Boundary of Mandatory Disclosure in Securities Law and Its Alternatives: A Perspective


Boundary of Mandatory Disclosure in Securities Law and Its Alternatives: A Perspective
Chien-Chung Lin
Securities Law, Mandatory Disclosure, Caveat Emptor,
Transaction Costs and Information Process, Externality in
Securities laws are, in reality, a congeries of mandated disclosure. The underlying
assumption is that a well-functioning securities market needs to aggregate
information. Individual investor in this market then can benefit from more disclosure
as this team-work of market—information, allow investors make the decision
according to their best interest. This reasoning is followed both in the United States
and Taiwan persistently. But the prevalence of mandatory disclosure in securities
laws is not accepted without challenge. On the one hand, the failure of mandatory
disclosure is well documented in many empirical studies in securities laws as well
as in many other areas of law.
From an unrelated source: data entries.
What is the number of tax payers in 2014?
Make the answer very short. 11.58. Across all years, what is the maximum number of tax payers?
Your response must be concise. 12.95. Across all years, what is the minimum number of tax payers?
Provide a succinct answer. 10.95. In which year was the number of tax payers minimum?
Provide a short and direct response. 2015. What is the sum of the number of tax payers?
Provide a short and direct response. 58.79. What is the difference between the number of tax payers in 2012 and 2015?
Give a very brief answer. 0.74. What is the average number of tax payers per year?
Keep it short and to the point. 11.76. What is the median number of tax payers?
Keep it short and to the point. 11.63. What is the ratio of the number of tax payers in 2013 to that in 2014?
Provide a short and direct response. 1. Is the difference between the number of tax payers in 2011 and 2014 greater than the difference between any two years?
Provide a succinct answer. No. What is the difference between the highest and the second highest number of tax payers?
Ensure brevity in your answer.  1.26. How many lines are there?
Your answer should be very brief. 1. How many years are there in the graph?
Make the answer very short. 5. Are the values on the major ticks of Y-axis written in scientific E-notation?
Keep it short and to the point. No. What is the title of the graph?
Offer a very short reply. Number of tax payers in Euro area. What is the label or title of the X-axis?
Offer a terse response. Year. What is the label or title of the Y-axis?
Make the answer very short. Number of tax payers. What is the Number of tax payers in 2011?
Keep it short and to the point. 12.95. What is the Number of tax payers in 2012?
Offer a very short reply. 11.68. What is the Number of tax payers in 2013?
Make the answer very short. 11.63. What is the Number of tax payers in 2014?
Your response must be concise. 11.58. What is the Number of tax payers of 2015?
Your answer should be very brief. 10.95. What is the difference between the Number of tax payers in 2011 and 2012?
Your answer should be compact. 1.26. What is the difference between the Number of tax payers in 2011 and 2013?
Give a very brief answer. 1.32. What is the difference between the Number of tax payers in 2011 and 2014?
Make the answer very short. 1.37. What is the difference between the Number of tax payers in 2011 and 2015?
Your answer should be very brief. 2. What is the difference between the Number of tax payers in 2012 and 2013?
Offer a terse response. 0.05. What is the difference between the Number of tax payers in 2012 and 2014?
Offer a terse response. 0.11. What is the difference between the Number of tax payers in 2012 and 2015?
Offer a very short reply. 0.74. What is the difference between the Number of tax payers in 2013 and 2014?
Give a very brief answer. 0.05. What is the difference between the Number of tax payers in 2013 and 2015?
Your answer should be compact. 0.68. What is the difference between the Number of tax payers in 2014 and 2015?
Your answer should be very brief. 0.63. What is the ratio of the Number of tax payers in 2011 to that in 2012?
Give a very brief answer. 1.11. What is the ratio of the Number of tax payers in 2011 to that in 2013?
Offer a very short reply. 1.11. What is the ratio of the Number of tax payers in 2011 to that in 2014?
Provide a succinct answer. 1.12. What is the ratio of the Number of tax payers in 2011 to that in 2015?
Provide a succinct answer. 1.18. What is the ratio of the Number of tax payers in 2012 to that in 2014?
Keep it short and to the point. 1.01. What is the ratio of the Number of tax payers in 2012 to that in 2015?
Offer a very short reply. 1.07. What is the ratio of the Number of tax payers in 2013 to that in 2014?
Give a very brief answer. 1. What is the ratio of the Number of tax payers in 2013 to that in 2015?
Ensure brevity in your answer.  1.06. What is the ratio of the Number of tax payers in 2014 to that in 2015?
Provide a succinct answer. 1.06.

On the other hand, the critics of its theoretical foundation
continuously question mandatory disclosure’s effect and necessity. Using the
benefit of these criticisms, this article first examines the nature of securities transaction
and how the intended audience/participants interact with the information
circulated in the securities market. With the attempt to understand the limits of
mandatory disclosure regime, this article secondly explores the deficiency in the ideological foundation of mandatory disclosure, which can be traced back to Former
Justice Brandeis in the early 1910s. Last, an agenda for future reform is proposed
to better meet the need of “efficiency” in the ever-changing world of transaction.